They can have things like we can, we philosophers might talk about identity, like developing the idea of having an identity which requires you to have this longer term experience of the world to take in lots of data over time and not just be answering things in particular instances.
Does that give you any pause as to whether these models might be conscious?
- Yeah, and I kind of wanna like push back against this framing a bit though.
Like we're talking a lot about your characteristics of current AI systems and I do think it's, you know, relevant to ask whether these systems, you know, may be conscious in some way.
Yeah, and I think many of the things that we've highlighted, this included, are evidence against that.
Where I do think it's, you know, quite a bit less likely that a current, you know, LLM chat bot is conscious, you know, in part for this reason.
- A current one.
- Yes.
And you know, the point here is like these models and you know, their capabilities and the ways that they're able to perform are just evolving incredibly quickly.

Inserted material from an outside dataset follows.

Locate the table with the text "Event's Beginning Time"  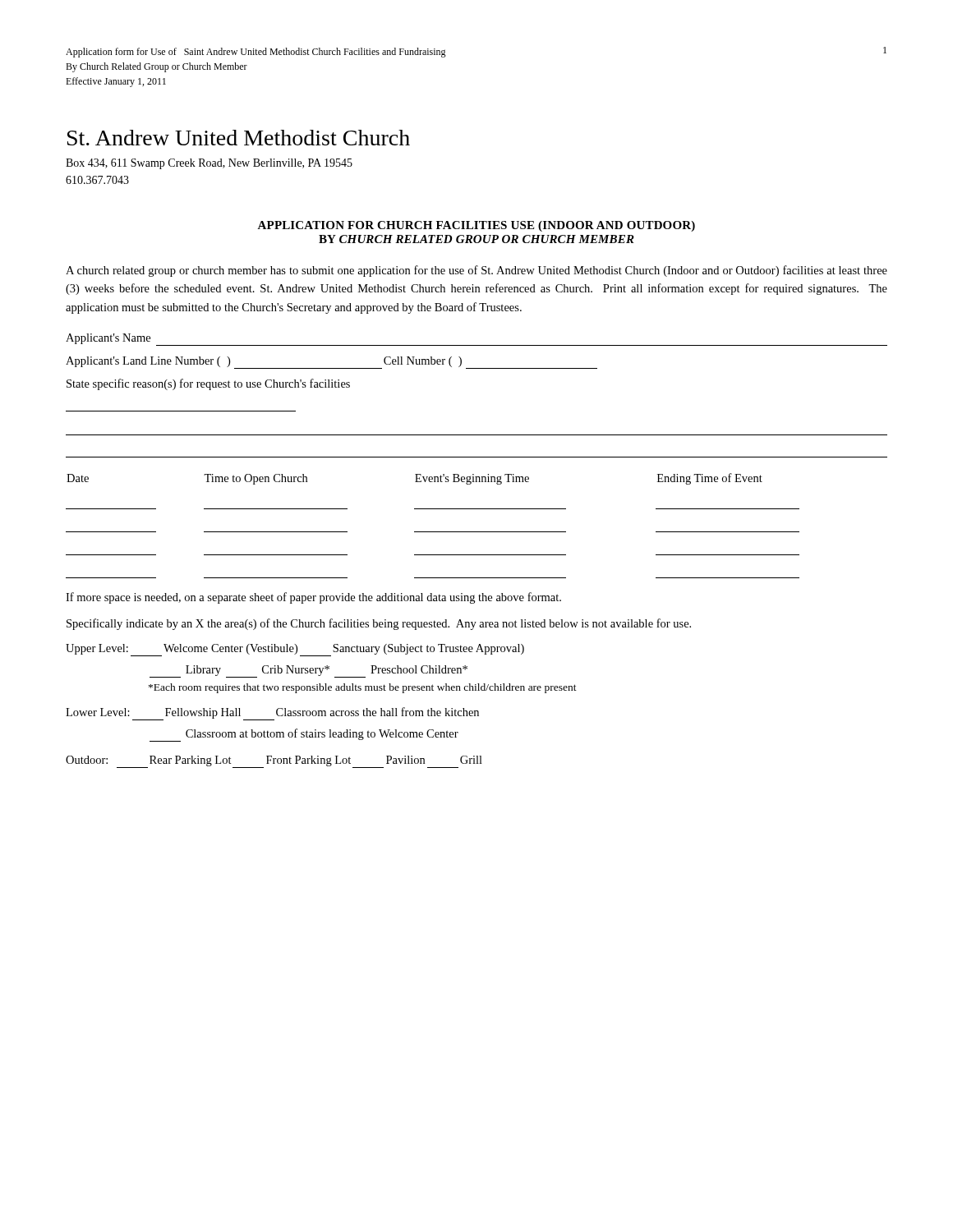[476, 527]
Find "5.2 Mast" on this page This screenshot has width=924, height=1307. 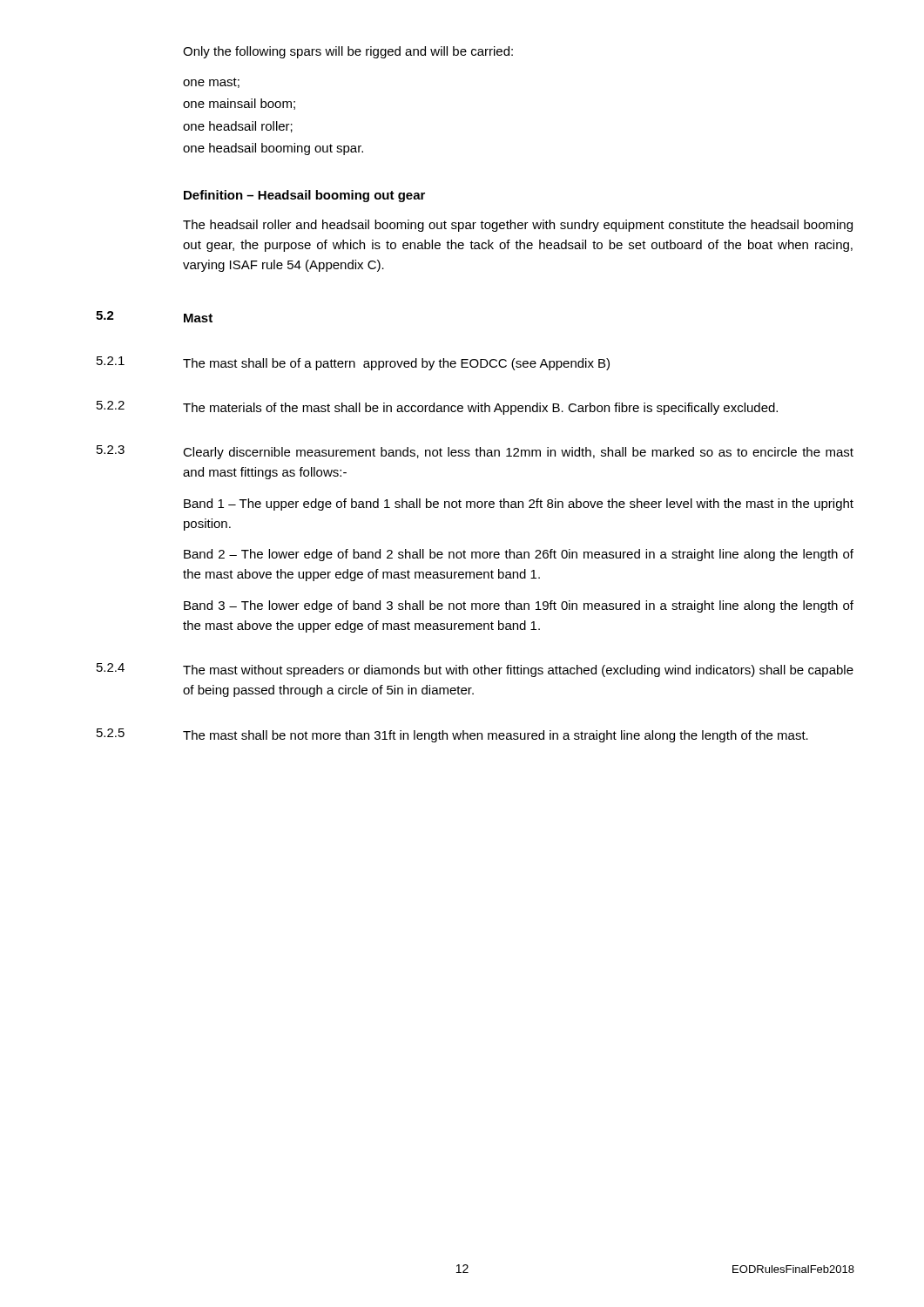101,317

And so I think, you know, oftentimes it's more useful to think about, you know, where could we imagine capabilities being a couple years from now and what kinds of things do we think are, you know, likely or plausible in those systems rather than, you know, anchoring too much on what things look like currently.
- We're back to the six fingers again.
- Exactly. - Saying,
oh, it could never do this, it could never do this.
- Where in fact- - And then it just kinda does.
- Yeah, and it is just quite plausible to imagine your models relatively near term that do have some, you know, continually running chain of thought and are able to, you know, dynamically take actions, you know, with a high degree of autonomy.
And you don't have this nature that you mentioned of forgetting between conversations and only existing in a particular instance.
- In "Star Wars: Episode One," the battle droids, which are played for laughs.
They're kind of comic relief.
The droids in Star Wars are generally played for comic.
Look at C3PO.
Everyone laughs at him, sort of camp gold robot.
But the battle droids in Episode One have a kind of central ship that controls all their behavior.
And when Anakin Skywalker blows up the ship all the battle droids go, mmm.
And stop and turn off.
- Yeah. - That seems to me that it's a bit more like current AI models where there's a data center where the actual processing is happening and then you're seeing some instance of that on your computer screen.
There are other droids that seem to be entirely self-contained.
C3PO is self-contained, his consciousness is inside his little golden head and so on.
All of which is a way of getting to the question of where is the consciousness?
Is the consciousness in the data center, is the consciousness, like, is it in a particular chip?
Is it in a series of chips?
If the models are conscious, where is that?
Like for you- - Yeah.
- I can tell you that it's in your brain.
- Mm-hmm. - Well,
I can tell that it's in my brain.
I don't know about yours. Where's the AI consciousness?
- Yeah, great, great question.
There is just a fair amount of uncertainty about this even, I think I'm most inclined to think that, you know, this is present in a particular instance of a model that is in fact like running on, you know, some set of chips in a data center somewhere.
But there, you know, people have different intuitions about this.
As for the Star Wars connection, you may have to call George Lucas for a- - Yeah.
Okay, let's say that we are convinced that AI models, maybe not right now, but could be in the future.
We've done objections, let's say we've managed to convince people that it's not in theory impossible.
What practical implications does that have?
I mean, we're developing AI models, we're using AI models every day.
What implications does that have for what we should be doing with or to those models?
- Yeah, well one of the first things that suggests is that we need more research on these topics.
We are in a state at the moment of, you know, deep uncertainty about basically any question related to this field.
And you know, a big part of the reason why I am doing this work is because I do take this possibility seriously.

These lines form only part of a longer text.